Sometimes in Internet conversations, well-intentioned people with similar goals start to misunderstand each other in ways that make the other person feel attacked and hurt even when there isn’t that much actual disagreement. Then the conversation becomes full of things like “<strawman of your position> is offensively wrong!” “No, <strawman of your position> is offensively wrong!” and it’s not very productive. Here are some general suggestions that seem like they might help:
Talk about things in person if possible. When talking online, I’ve noticed that I often feel offended/attacked by remarks where, if someone had changed like two words of the remark with something else, I would have been fine with it (e.g. “I think you’re wrong to believe <X>” vs. “it’s disturbing that you believe <X>”).
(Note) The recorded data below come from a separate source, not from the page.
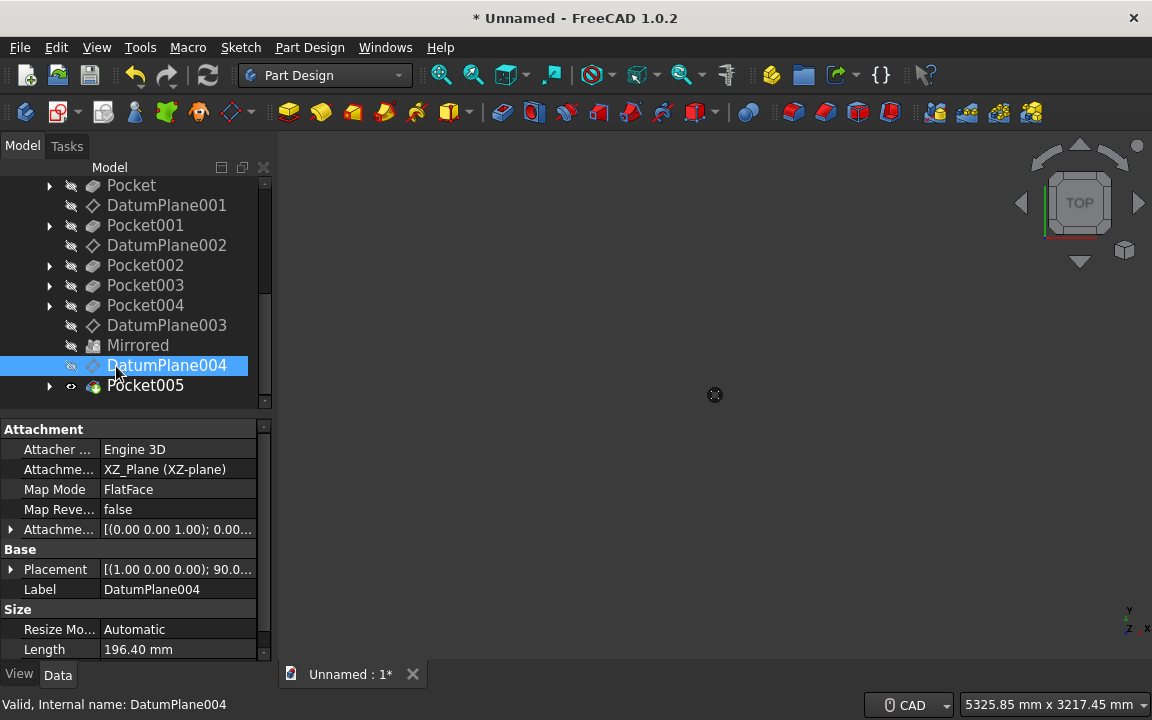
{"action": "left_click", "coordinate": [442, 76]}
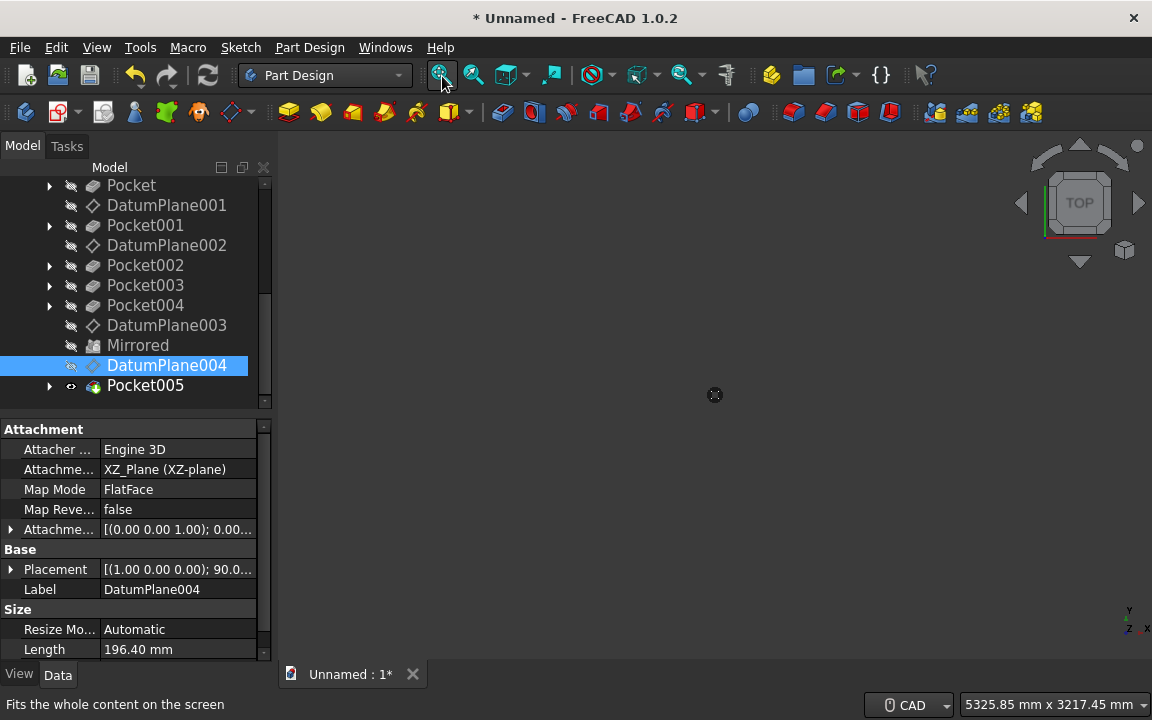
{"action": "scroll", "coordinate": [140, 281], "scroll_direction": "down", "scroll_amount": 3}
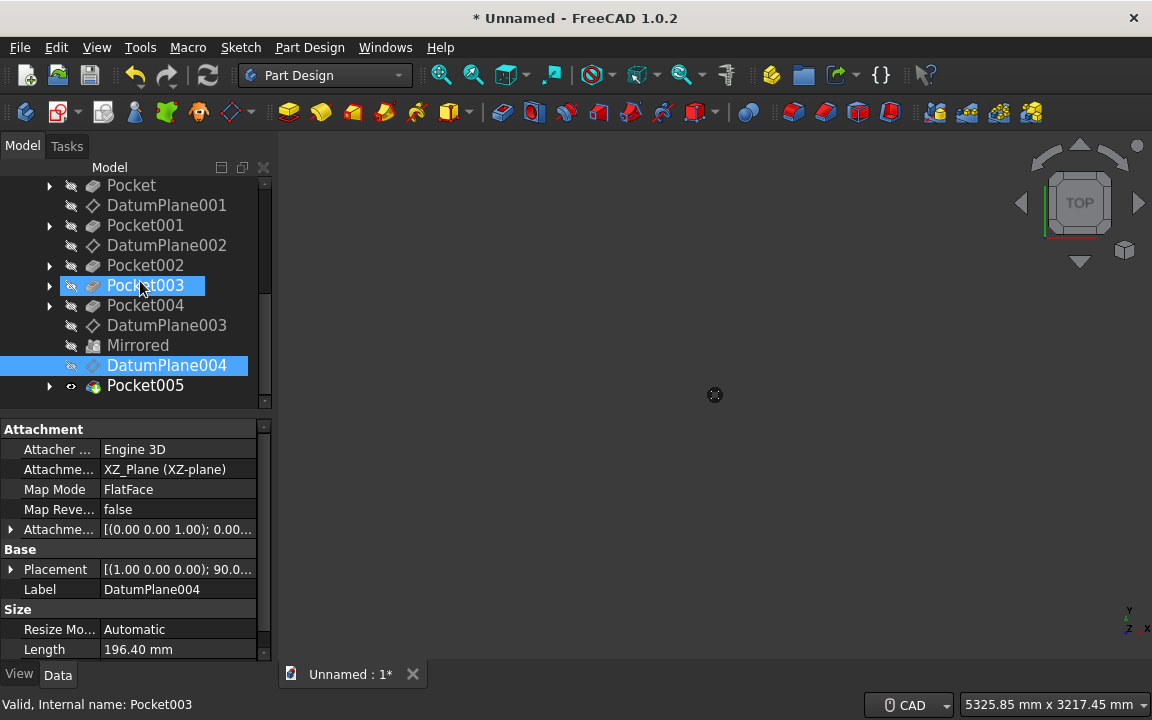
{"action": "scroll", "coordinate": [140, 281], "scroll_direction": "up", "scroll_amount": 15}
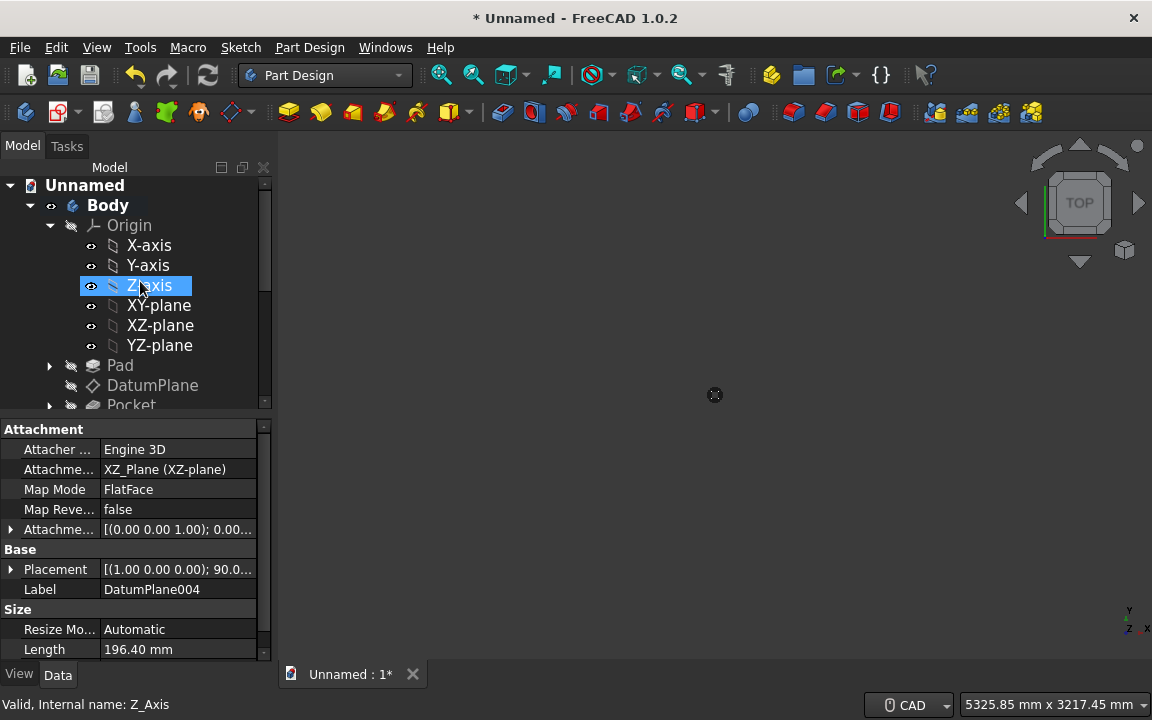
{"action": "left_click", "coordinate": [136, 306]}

For some reason this doesn’t seem to happen nearly as often in person, probably because it’s higher bandwidth.
Talk about things one-on-one or in small groups if possible. On polarized topics, I sometimes have the experience of saying something centrist, then being attacked by people who don’t like side A because I forgot to put in an anti-side-A caveat, and then being attacked by people who don’t like side B because I forgot to put in an anti-side-B caveat and the anti-side-A caveat made me look too much like a side-B-person to them.
This can happen even if sides A and B are both essentially strawman positions that nobody in the discussion believes: the problem isn’t that anyone is a tribalist for A or B, just that people are worried about running into A- or B-tribalists and argue with you to make sure you’re not one. In a small enough group, it’s much easier to remember which caveats you have to insert and which ones you can let people infer.
Be careful to separate people’s arguments from people’s character. As I recently wrote in the Facebook group (in response to someone saying “it’s sad to see people talking about <X> here” and “your attitude about Y is troubling”):
One can also correct people’s misconceptions without shaming them—e.g., by being careful to imply that they’re incorrect simply by being misinformed rather than out of some kind of malice or character flaw (which indeed they often are, though not always). For example, instead of saying “it’s sad that you believe <X>”—which immediately puts someone on the defensive, because now if they admit that you’re right then they also have to admit that your judgment of their character was correct—you can say “I don’t think <X> is true.” Instead of saying “<attitude Y> is troubling”—which people sometimes interpret as not only meaning that you think they’re wrong but that you think they’re a bad person for believing it!–you can say “<attitude Y> suffers from <general misconception Z>” or “<attitude Y> is actually harmful to express for <reason W>.”
I’m not arguing that you should believe the second statement over the first, only that purely as an empirical matter it seems to create a more effective and thoughtful discussion. And I’m also not necessarily arguing that one should never shame, just that if one is specifically worried about not-shaming people, it’s possible to dissent without shaming.